(Stored items)

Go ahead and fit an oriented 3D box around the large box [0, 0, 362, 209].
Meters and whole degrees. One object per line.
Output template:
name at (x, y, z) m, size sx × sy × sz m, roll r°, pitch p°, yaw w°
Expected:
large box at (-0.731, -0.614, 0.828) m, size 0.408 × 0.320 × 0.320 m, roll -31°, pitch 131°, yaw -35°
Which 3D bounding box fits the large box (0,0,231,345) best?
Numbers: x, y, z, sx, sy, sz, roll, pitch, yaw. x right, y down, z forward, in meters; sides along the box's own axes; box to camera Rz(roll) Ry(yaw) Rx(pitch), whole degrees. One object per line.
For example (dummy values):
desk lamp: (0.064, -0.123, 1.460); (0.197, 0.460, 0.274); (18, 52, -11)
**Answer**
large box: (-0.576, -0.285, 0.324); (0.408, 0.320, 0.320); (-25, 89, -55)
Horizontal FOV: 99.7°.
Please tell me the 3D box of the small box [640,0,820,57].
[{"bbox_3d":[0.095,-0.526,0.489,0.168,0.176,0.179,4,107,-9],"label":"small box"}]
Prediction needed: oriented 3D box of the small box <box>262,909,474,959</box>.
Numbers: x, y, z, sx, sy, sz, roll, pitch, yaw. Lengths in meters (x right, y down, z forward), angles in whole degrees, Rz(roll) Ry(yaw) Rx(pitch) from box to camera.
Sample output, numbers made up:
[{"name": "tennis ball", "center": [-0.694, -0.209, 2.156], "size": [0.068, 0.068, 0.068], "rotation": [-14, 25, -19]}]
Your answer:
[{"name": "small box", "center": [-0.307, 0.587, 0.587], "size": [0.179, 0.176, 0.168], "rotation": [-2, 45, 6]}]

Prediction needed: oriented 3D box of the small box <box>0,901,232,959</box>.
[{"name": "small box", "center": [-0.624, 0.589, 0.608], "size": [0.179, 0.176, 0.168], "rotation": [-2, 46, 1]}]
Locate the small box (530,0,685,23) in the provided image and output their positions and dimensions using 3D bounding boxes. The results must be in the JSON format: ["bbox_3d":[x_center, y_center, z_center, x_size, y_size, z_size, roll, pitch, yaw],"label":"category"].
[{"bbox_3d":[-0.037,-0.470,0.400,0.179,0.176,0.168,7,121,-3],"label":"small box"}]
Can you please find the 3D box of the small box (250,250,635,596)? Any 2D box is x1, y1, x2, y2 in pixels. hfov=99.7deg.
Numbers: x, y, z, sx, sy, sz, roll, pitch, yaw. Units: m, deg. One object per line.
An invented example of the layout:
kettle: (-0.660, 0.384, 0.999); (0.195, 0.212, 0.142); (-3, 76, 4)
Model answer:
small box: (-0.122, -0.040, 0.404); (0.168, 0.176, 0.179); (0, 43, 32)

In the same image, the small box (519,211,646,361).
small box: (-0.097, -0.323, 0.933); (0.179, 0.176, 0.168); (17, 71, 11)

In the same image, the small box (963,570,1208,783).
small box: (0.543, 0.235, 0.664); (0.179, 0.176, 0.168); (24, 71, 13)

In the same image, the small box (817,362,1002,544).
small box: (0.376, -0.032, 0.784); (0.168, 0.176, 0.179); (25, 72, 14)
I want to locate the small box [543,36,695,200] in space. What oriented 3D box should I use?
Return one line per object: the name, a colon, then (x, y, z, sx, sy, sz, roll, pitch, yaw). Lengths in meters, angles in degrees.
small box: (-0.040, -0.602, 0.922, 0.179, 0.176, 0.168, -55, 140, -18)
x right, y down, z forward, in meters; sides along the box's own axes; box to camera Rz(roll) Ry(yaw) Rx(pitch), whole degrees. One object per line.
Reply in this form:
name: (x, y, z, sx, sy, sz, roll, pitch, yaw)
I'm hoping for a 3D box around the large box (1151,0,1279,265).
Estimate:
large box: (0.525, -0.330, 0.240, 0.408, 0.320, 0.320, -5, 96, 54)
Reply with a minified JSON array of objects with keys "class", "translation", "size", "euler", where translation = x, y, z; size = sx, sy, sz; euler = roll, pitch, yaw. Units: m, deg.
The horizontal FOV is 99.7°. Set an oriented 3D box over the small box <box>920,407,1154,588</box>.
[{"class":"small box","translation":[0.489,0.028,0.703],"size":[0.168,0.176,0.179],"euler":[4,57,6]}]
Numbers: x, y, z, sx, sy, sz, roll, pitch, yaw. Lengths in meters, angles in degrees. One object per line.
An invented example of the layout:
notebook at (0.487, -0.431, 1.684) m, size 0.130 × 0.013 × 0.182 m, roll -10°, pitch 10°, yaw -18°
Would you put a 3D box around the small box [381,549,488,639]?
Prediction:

Work instructions
Copy out each line of the records character for character.

Response
Go ahead and fit an oriented 3D box around the large box [0, 0, 362, 209].
Meters and whole degrees. One object per line.
Output template:
name at (x, y, z) m, size sx × sy × sz m, roll r°, pitch p°, yaw w°
Expected:
large box at (-0.731, -0.614, 0.828) m, size 0.408 × 0.320 × 0.320 m, roll -31°, pitch 131°, yaw -35°
Which 3D bounding box fits the large box (0,0,231,345) best?
Numbers: x, y, z, sx, sy, sz, roll, pitch, yaw. x right, y down, z forward, in meters; sides along the box's own axes; box to camera Rz(roll) Ry(yaw) Rx(pitch), whole degrees. One object per line.
For example (dummy values):
desk lamp: (0.064, -0.123, 1.460); (0.197, 0.460, 0.274); (18, 52, -11)
**Answer**
large box: (-0.576, -0.285, 0.324); (0.408, 0.320, 0.320); (-25, 89, -55)
Horizontal FOV: 99.7°.
Please tell me the 3D box of the small box [640,0,820,57].
[{"bbox_3d":[0.095,-0.526,0.489,0.168,0.176,0.179,4,107,-9],"label":"small box"}]
Prediction needed: oriented 3D box of the small box <box>262,909,474,959</box>.
Numbers: x, y, z, sx, sy, sz, roll, pitch, yaw. Lengths in meters (x right, y down, z forward), angles in whole degrees, Rz(roll) Ry(yaw) Rx(pitch) from box to camera.
Sample output, numbers made up:
[{"name": "tennis ball", "center": [-0.694, -0.209, 2.156], "size": [0.068, 0.068, 0.068], "rotation": [-14, 25, -19]}]
Your answer:
[{"name": "small box", "center": [-0.307, 0.587, 0.587], "size": [0.179, 0.176, 0.168], "rotation": [-2, 45, 6]}]

Prediction needed: oriented 3D box of the small box <box>0,901,232,959</box>.
[{"name": "small box", "center": [-0.624, 0.589, 0.608], "size": [0.179, 0.176, 0.168], "rotation": [-2, 46, 1]}]
Locate the small box (530,0,685,23) in the provided image and output their positions and dimensions using 3D bounding boxes. The results must be in the JSON format: ["bbox_3d":[x_center, y_center, z_center, x_size, y_size, z_size, roll, pitch, yaw],"label":"category"].
[{"bbox_3d":[-0.037,-0.470,0.400,0.179,0.176,0.168,7,121,-3],"label":"small box"}]
Can you please find the 3D box of the small box (250,250,635,596)? Any 2D box is x1, y1, x2, y2 in pixels. hfov=99.7deg.
Numbers: x, y, z, sx, sy, sz, roll, pitch, yaw. Units: m, deg. One object per line.
An invented example of the layout:
kettle: (-0.660, 0.384, 0.999); (0.195, 0.212, 0.142); (-3, 76, 4)
Model answer:
small box: (-0.122, -0.040, 0.404); (0.168, 0.176, 0.179); (0, 43, 32)

In the same image, the small box (519,211,646,361).
small box: (-0.097, -0.323, 0.933); (0.179, 0.176, 0.168); (17, 71, 11)

In the same image, the small box (963,570,1208,783).
small box: (0.543, 0.235, 0.664); (0.179, 0.176, 0.168); (24, 71, 13)

In the same image, the small box (817,362,1002,544).
small box: (0.376, -0.032, 0.784); (0.168, 0.176, 0.179); (25, 72, 14)
I want to locate the small box [543,36,695,200] in space. What oriented 3D box should I use?
Return one line per object: the name, a colon, then (x, y, z, sx, sy, sz, roll, pitch, yaw). Lengths in meters, angles in degrees.
small box: (-0.040, -0.602, 0.922, 0.179, 0.176, 0.168, -55, 140, -18)
x right, y down, z forward, in meters; sides along the box's own axes; box to camera Rz(roll) Ry(yaw) Rx(pitch), whole degrees. One object per line.
Reply in this form:
name: (x, y, z, sx, sy, sz, roll, pitch, yaw)
I'm hoping for a 3D box around the large box (1151,0,1279,265).
Estimate:
large box: (0.525, -0.330, 0.240, 0.408, 0.320, 0.320, -5, 96, 54)
Reply with a minified JSON array of objects with keys "class", "translation", "size", "euler", where translation = x, y, z; size = sx, sy, sz; euler = roll, pitch, yaw. Units: m, deg.
The horizontal FOV is 99.7°. Set an oriented 3D box over the small box <box>920,407,1154,588</box>.
[{"class":"small box","translation":[0.489,0.028,0.703],"size":[0.168,0.176,0.179],"euler":[4,57,6]}]
Numbers: x, y, z, sx, sy, sz, roll, pitch, yaw. Lengths in meters, angles in degrees. One object per line.
An invented example of the layout:
notebook at (0.487, -0.431, 1.684) m, size 0.130 × 0.013 × 0.182 m, roll -10°, pitch 10°, yaw -18°
Would you put a 3D box around the small box [381,549,488,639]?
Prediction:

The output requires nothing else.